The present multivariate analysis found no risk factors related with survival after recurrence in patients with cervical cancers. It did not necessarily signify a weakened effect of salvage treatment, for they indeed released some patients' complaints, although the five-year OS and PFS have kept low in most studies. In patients with isolated LN recurrence after RH treatment, salvage CCRT or RT resulted in a maximum five-year OS of 30% [17,18]. Tempfer et al. also suggested that the response rate of chemotherapy in patients with distant recurrence was poor, they recommended CCRT, surgery, including pelvic exenteration, and palliative chemotherapy for patients in different conditions, but the treatment of patients after recurrence still remains challenging [19]. However, the number of death cases in this study was small, which limited its weight in final results. Whether salvage treatment and recurrence condition have influence on the survival of patients with recurrence needs further discussion.

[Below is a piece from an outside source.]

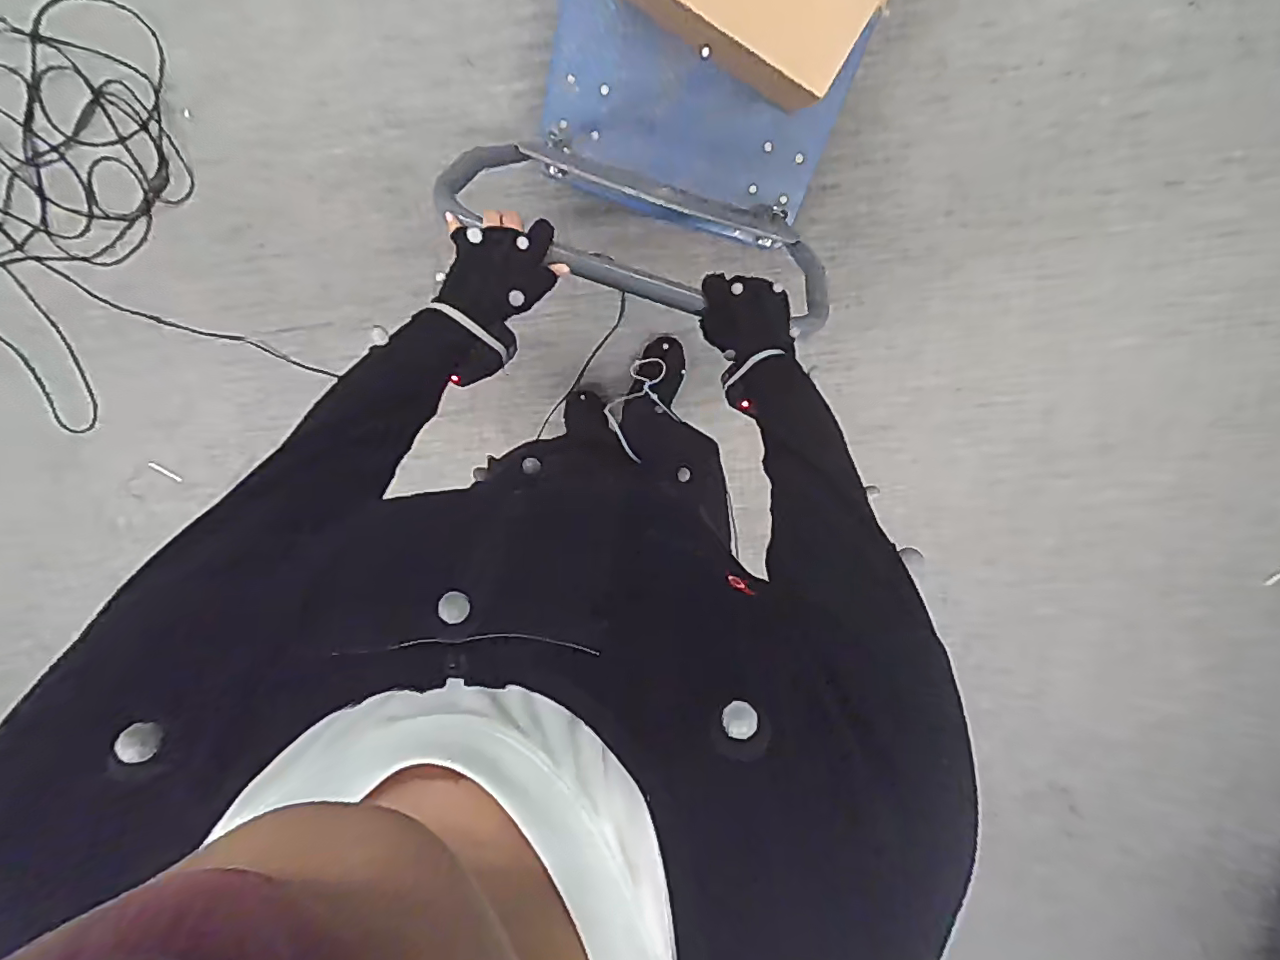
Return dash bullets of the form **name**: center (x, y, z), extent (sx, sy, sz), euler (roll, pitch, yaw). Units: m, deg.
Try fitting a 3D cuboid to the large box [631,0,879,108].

The main limitations of this study consisted of recall bias and selection bias as a retrospective study. Moreover, the collection of surgery cases included in this study had spanned 14 years, and the changes of individual experience and skills of the surgeon was also part of the bias, which all need further exploration in prospective study. The authors also failed to include property patients' life qualities, and the size of recurrence cohort is small, and it is premature to draw any conclusion about risk factor of survival after recurrence.

In conclusion, the survival outcomes of cervical cancer after RH by experienced physicians were favorable, suggesting consistent high quality of surgery and comprehensive control of the disease have been the crucial management of cervical cancer in carefully selected and evaluated patients. Pathologic characters and physician's experiences were an independent factor related to survival outcomes. Survival after recurrence is poor, and salvage therapy and palliative care had similar effects about mortality.